Someone asked me if I could put together a tutorial about taking my night time camp fire shots so I thought I'd give it a go.
To do this I'm afraid I have to give you some technical background. I'll break it down as simply as I can but if you want to get pictures like this then you do have to understand the process.
Unfortunately, there are no short cuts.
I've been interested in photography for about forty years now, first with film and now digital. The most important thing I’ve learned in that time is that the old trope about “a camera never lies” is one of the greatest lies ever told.
The camera cannot help but lie. Everything about a photograph is an illusion.
One of the biggest problems is that a camera works differently to our eyes. When we look at a night time scene our eyes constantly adjust, which allows us to look at a burning lamp yet still see details deep into the shadows.
A camera cannot easily do that with a single exposure. It will need some help.
Imagine taking a picture of that burning lamp in the middle of the day. The scene will be illuminated by light from the sun either directly or diffused through clouds.
That ambient light is bounced and reflected from objects and surfaces all around the lantern and will probably overpower the light generated by the lamp.
We might be able to see the flame but it is likely that the light it is throwing out will not be apparent.
Now imagine we are taking a picture of that same lamp in the middle of a moonless night far away from any other light source.
Now the main source of light will be our lamp.
Our eyes can see the flame and also the light reflecting from the scene around the lamp, an enormous range of contrast that a camera cannot possibly record in a single exposure.

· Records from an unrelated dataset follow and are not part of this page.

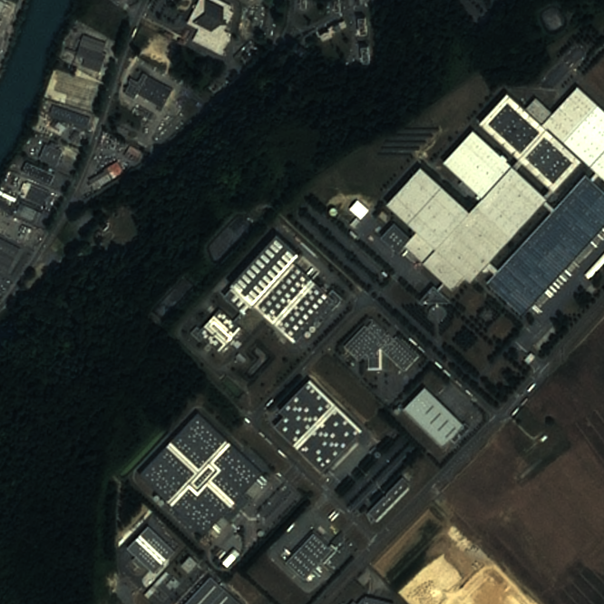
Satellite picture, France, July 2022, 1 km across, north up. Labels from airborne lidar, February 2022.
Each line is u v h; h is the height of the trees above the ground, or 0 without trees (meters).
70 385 21
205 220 11
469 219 0
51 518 16
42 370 16
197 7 0
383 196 0
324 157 18
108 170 0
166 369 19
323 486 0
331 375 0
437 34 22
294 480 0
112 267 19
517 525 0
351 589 0
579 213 0
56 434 20
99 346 28
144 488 0
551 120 0
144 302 14
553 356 0
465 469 0
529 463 0
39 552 14
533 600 0
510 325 0
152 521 0
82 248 15
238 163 18
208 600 0
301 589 0
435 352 8
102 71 0
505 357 7
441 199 0
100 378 22
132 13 0
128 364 23
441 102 0
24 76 0
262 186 17
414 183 0
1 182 9
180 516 0
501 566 0
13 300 13
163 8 8
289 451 0
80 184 0
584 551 0
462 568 0
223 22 0
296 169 16
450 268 0
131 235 0
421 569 0
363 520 0
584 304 12
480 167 0
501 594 0
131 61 0
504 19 17
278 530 8
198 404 0
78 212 20
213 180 9
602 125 0
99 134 0
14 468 13
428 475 0
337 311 0
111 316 18
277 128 7
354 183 0
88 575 16
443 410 0
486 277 0
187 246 17
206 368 0
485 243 0
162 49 0
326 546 0
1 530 15
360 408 0
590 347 0
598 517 0
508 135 0
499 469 0
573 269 0
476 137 0
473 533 0
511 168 0
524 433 0
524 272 0
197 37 0
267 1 18
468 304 0
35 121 18
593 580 0
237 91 23
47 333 23
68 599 21
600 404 0
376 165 0
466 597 0
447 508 0
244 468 0
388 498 0
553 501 0
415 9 23
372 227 0
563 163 0
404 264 0
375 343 0
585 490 0
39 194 0
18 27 9
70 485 20
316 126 19
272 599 6
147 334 15
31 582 12
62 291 22
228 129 26
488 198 0
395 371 0
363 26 0
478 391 9
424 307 8
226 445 0
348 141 16
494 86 15
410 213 0
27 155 13
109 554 14
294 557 0
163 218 19
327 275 0
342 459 0
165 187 18
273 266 0
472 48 15
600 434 0
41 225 0
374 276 7
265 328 0
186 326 0
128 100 0
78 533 22
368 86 18
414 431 0
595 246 0
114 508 14
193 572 0
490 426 0
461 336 9
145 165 17
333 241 8
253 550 7
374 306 0
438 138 0
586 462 0
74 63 0
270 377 0
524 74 15
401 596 0
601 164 0
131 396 9
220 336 0
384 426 0
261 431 0
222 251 0
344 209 0
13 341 22
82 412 19
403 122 14
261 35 24
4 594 11
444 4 20
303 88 23
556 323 8
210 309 0
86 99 0
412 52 24
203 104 0
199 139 12
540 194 0
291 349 0
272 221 11
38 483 21
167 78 0
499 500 0
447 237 0
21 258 0
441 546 0
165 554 0
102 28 0
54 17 0
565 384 0
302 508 7
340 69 23
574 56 0
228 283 0
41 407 22
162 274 17
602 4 12
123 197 8
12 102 0
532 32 25
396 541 0
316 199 7
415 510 0
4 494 20
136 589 0
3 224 0
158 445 0
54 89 0
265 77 17
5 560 17
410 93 19
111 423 13
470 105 0
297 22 0
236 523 0
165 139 0
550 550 0
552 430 0
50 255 0
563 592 0
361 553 0
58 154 0
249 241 7
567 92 0
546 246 0
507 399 7
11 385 14
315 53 11

All other things remaining the same, the photographer has to choose between a short exposure to stop the flame burning out too much which leaves the scene too dark or exposing longer for the scene which means that the flame will be much too bright to be properly recorded.
Either way, the contrast is far too great.
( Note: There are now special techniques that allow the photographer to take multiple exposures and combine them with software in order to compensate for this wide contrast range to some degree, usually described as High Dynamic Range ( HDR ). Those techniques are beyond the scope of this article and would still struggle to record this. If you are interested you can read about such techniques online )
We can see therefore that in full daylight the light of the lamp will usually be overpowered by the ambient light.
We can also see that in full darkness the camera will not be able record the flame of the lamp and the scene illuminated by the lantern in one image.
But what about the time between?
The brightness of the flame is constant as is the light from the lamp falling on the scene around it. The only real variable is the ambient light.
As the sun goes down and the light of the day dwindles, there will be a moment when the ambient light and the light from the lamp will fall into a balance that is much closer to the range of contrast that the camera can capture.
As you can see, it still cannot capture the brightness of the flame and the darkness of the scene fully but at least it has a fighting chance of producing the sort of image we are looking for.
This is not an exactly predictable time, depending on the conditions it might last for a few minutes up to half an hour, but it is these few minutes at twilight that provide our best window of opportunity.
Now, hundreds of books and websites already exist that explain how your camera works and about the fundamentals of photography, I cannot write anything better that will make it easier for you, you do not have to know everything but you do at least need to know how to use your own camera which means reading the instruction manual. If you cannot find it you can usually download copies online.
Pay particular attention to how to turn on the histogram mode, highlight warnings, change exposure modes, aperture, shutter speed, ISO, white balance, exposure compensation, manual focus, display brightness, turn off any automatic flash, shoot in live view and set the camera to record RAW image files. Every camera is slightly different so I cannot possibly be expected to know how to do any or all these things on yours.
You also need to understand how exposure works, which means learning about the relationship between shutter speed, aperture and sensitivity ( ISO ). This link Is a good place to start, in fact I recommend a good look at all the tutorials on that website as I do not know anywhere that presents better information about how photography really works. It is well worth your time to read through it.
These are the basics of photography that every photographer should understand. I'm sorry but I do not have the time to teach you all these things so you do need to do some homework. There are no short cuts or magical settings if you want to take photographs like these.
If you are shooting RAW files, which I highly recommend, you will need some kind of raw processing software, either commercial, open source or supplied with your camera, often via a web site. Put simply, if you are not shooting RAW files you are wasting about 90% of the potential quality that your camera can produce and you are unlikely to be able to apply most of the post production techniques that you will see later in this article. You will also probably need some kind of image processing software. Again commercial, open source or supplied with the camera.